La constante intromisión y asentamiento en nuestras vidas de aparatos electrónicos y nuevas formas de relación social, así como esa pauta con la que quedamos esclavizados a comodidades que nos alejan de la propia naturaleza, no solo la naturaleza exterior, y si cabe, en mayor medida, la naturaleza interior, es un hecho alarmante que no aparece en portadas de noticieros, y tampoco, en elaboradas encuestas o estadísticas, las cuales, ha quedado claro que solo muestran y demuestran el caos y la manipulación económica, así como los deshechos y la aberración a toda posibilidad democrática.

Y sin embargo, esa naturaleza exterior e interior a la que deberíamos acudir con mayor constancia, y en ello, elaborar y alcanzar certezas e instantes enriquecidos por nuestra propia experiencia y nuestra propia reflexión, parece quedar negado por tanto ruido y tanto aturdimiento.
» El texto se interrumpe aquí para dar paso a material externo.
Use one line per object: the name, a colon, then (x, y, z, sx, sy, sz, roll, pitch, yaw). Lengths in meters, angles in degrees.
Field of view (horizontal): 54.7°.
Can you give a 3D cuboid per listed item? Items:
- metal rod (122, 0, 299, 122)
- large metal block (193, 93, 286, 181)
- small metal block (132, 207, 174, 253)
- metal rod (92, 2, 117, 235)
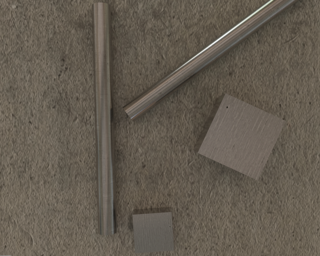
metal rod: (0.079, -0.107, 0.410, 0.301, 0.025, 0.025, -36, 90, -1)
large metal block: (0.099, 0.011, 0.399, 0.080, 0.050, 0.080, 25, 90, -1)
small metal block: (-0.009, 0.134, 0.410, 0.050, 0.025, 0.050, -4, 90, -1)
metal rod: (-0.073, -0.012, 0.408, 0.025, 0.025, 0.298, -2, 90, -1)
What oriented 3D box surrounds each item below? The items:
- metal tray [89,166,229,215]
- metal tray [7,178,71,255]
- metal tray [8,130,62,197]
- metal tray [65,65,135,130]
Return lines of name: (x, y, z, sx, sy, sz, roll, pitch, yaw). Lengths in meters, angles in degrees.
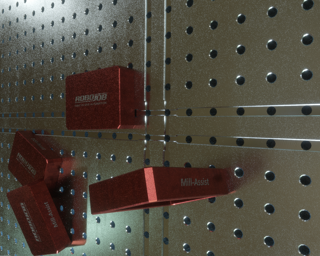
metal tray: (0.002, 0.067, 0.336, 0.090, 0.131, 0.030, -22, 69, 37)
metal tray: (-0.223, 0.165, 0.566, 0.090, 0.030, 0.129, -23, 91, 37)
metal tray: (-0.248, 0.071, 0.607, 0.130, 0.030, 0.089, 31, 109, 35)
metal tray: (-0.097, -0.043, 0.483, 0.130, 0.030, 0.089, -1, 89, 39)

Y esto no es algo de ahora, es algo de hace bastante tiempo, el progreso material no siempre conlleva un progreso en el individuo que lo utiliza, y es así que, ya dijo Thoreau que “la civilización que ha estado mejorando nuestras casas no ha mejorado igualmente a quienes las habitan”.

Cuando el autor de “Walden” decidió pasar dos años dos meses y dos días junto al lago del mismo nombre que la obra escrita, no lo hizo con la intención insultante y demagógica de postularse como un antisistema, ni de crear una apología y un ensayo de rechazo total a la sociedad, al contrario, intento encontrar, demostrarse y demostrar formas de vivir sin que las leyes y el progreso material de los hombres anulara a las leyes de la naturaleza, y tampoco, anulara al individuo. La idea era arraigar y promover el progreso en el individuo a través de la sencillez, de una vida humilde, cercana a la naturaleza que ha regido siempre y, en la misma medida, a la naturaleza interior del individuo.

En esta actualidad social en la que residimos, tomar el posicionamiento de Thoreau y embarcarse en dicha aventura, prestaría a toda crítica los suficientes argumentos para tacharlo de locura y desafío antisistema, un quijote en pleno siglo XXI, y sin embargo, quizás sea la única manera en que nos salvemos de nosotros mismos, quizás sea la única pauta que no anule al ser humano en beneficio y prioridad del progreso tecnológico y material. El ejercicio y la práctica de la introspección, esa naturaleza interior y, a su vez, asomarse a la naturaleza exterior, puede nos salve, no nos acabe aturdiendo entre tanto ruido y tanta comodidad, no nos anule del todo, no seamos simples consumidores y títeres de este acelerado progreso tecnológico y social.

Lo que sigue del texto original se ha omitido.